Brazilian Government Licitation Scraper.py

#%%
# This a training code scraper with studies porposese, using scrapy lib. The tutorial used https://oxylabs.io/blog/python-web-scraping
# We are going to scrape some brazilian government licitation from http://comprasnet.gov.br/ConsultaLicitacoes/ConsLicitacao_Filtro.asp
# You can find some documentation on http://compras.dados.gov.br/licitacoes/v1/licitacoes.html?

# You need to install the right version of ChromeDriver according to your current browser. Link: https://chromedriver.chromium.org/downloads

# Importing libraries.

import pandas as pd
from bs4 import BeautifulSoup
from selenium import webdriver
from selenium.webdriver.common.by import By
from selenium.webdriver.support.ui import WebDriverWait
from selenium.webdriver.support import expected_conditions as EC

#%%
# Defining the objects where our data is going to be saved.
title_licitation = []
content_licitation = []

# Insert the web address where the data is storaged inside the url object.
url = "http://comprasnet.gov.br/ConsultaLicitacoes/ConsLicitacao_Filtro.asp"

# Starting the webdriver. Insert the correct path to the executable chromedriver file installed in your pc.
driver = webdriver.Chrome(executable_path="c:\windows\webdriver\chromedriver.exe")
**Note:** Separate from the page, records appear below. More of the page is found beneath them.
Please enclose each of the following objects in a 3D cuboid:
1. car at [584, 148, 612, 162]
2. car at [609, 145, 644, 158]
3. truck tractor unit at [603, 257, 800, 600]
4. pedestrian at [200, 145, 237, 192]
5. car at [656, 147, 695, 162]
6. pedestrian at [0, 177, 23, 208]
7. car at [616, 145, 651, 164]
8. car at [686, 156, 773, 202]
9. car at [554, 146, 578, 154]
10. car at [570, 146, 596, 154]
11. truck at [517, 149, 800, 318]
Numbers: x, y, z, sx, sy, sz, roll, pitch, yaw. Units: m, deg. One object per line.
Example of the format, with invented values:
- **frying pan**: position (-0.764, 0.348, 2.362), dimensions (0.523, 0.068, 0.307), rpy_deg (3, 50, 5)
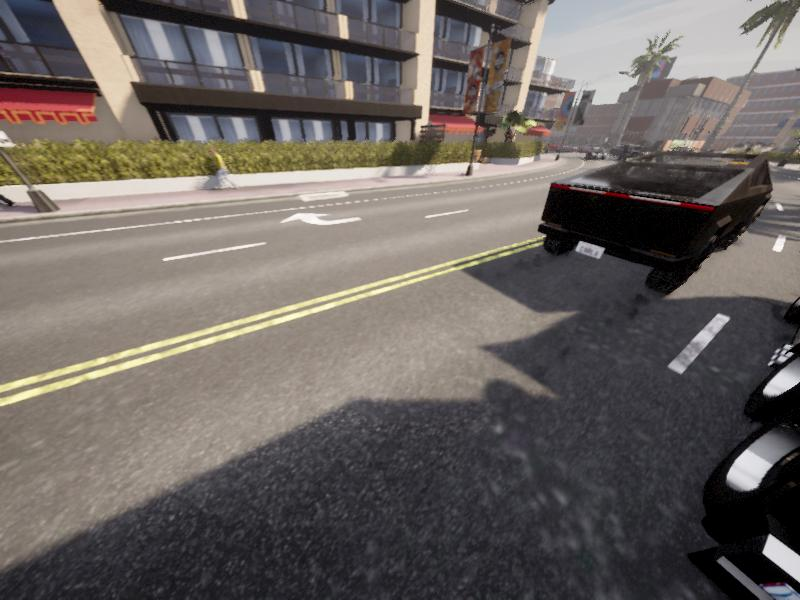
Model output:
- **car**: position (27.273, -20.165, 31.983), dimensions (1.970, 1.475, 3.806), rpy_deg (16, 38, 21)
- **car**: position (37.820, -24.918, 38.753), dimensions (2.242, 1.667, 4.611), rpy_deg (9, 36, 12)
- **truck tractor unit**: position (5.102, -0.309, 0.800), dimensions (6.516, 4.208, 3.053), rpy_deg (-19, 39, -25)
- **pedestrian**: position (-8.563, -6.270, 11.009), dimensions (0.751, 1.860, 0.751), rpy_deg (-19, 39, -25)
- **car**: position (39.361, -20.952, 33.115), dimensions (1.851, 1.617, 3.988), rpy_deg (13, 37, 18)
- **pedestrian**: position (-14.703, -4.207, 7.983), dimensions (0.751, 1.860, 0.751), rpy_deg (-18, 39, -24)
- **car**: position (29.868, -18.828, 29.720), dimensions (1.905, 1.878, 3.866), rpy_deg (17, 38, 22)
- **car**: position (17.268, -6.579, 12.255), dimensions (5.366, 1.575, 1.801), rpy_deg (-26, 43, -33)
- **car**: position (35.596, -32.338, 49.664), dimensions (1.994, 1.385, 4.181), rpy_deg (-2, 35, -4)
- **car**: position (38.941, -32.000, 49.212), dimensions (1.994, 1.385, 4.181), rpy_deg (-2, 35, -3)
- **truck**: position (6.014, -2.091, 5.239), dimensions (6.274, 2.098, 2.390), rpy_deg (-19, 39, -25)

# Passing to the webdriver the defined url.
driver.get(url)

# The list_publ_ini is an object where we insert the pairs of initial date and ending date of our licitation search.
# Its a dictionary. You can change the dates according to your desire and right now it is set from 01/01/2021 to 30/04/2021.
list_publ_ini = {"01012021":"15012021","16012021":"31012021","01022021":"15022021","16022021":"28022021","01032021":"15032021","16032021":"31032021","01042021":"15042021","16042021":"30042021"}

#%%

# FOR LOOP
# This is a loop where all the magic happens.
# First we are cleaning all information from the search form because it will work as a loop passing the dates pairs one by one.
# If we do not clean it first, all the old searching arguments will be displayed there.
# It was made like that because the government website just allows us to search with the maximum gap of 15 days.
# The second xpath argument is the initial date imputation.
# The third xpath argument is the final date imputation, passed as the key from our dictionary.
# The forth xpath argument is the selection of all licitation modalities. If you are interested in just a specific modality, just change the xpath here.
# The last xpath argument is the final click to initialize the licitation search.

# WHILE INSIDE THE FOR
# Using BeautifulSoup we can handle the HTML.
# In the first for loop we are looking after the title of the licitation.
# In the second for loop we are looking after all the content from that licitation.
# The try argument is checking if there is more results listed on another page looking for the "Próximo" buttom.
# The government website only display 10 licitation at once.
# The except argument will be actioned when there is not a "Próximo" buttom and will click on the "Nova Pesquisa" buttom to initialize a new search.

for key in list_publ_ini:

    WebDriverWait(driver, 1).until(EC.element_to_be_clickable((By.XPATH, "//input[@name='Limpar']"))).click()
    driver.find_element_by_xpath("//input[@name='dt_publ_ini']").send_keys(key)
    driver.find_element_by_xpath("//input[@name='dt_publ_fim']").send_keys(list_publ_ini[key])
    driver.find_element_by_xpath("//input[@name='chkTodos']").click()
    driver.find_element_by_xpath("//input[@name='ok']").click()

    while True:
        content = driver.page_source
        soup = BeautifulSoup(content, features="lxml")

        for a in soup.findAll(attrs={'class':'td_titulo_campo', 'align':'center'}):
            title_licitation.append(a.text.strip())

        for b in soup.findAll(attrs={'style':'padding:10px'}):
            content_licitation.append(b.text.strip())

        try:
            WebDriverWait(driver, 1).until(EC.element_to_be_clickable((By.XPATH,"//input[@name='btn_proximo']"))).click()
        except:
            WebDriverWait(driver, 1).until(EC.element_to_be_clickable((By.XPATH,"//input[@name='Pesquisa']"))).click()
            break
driver.quit()

# Now we have to clean the database in futures code updates.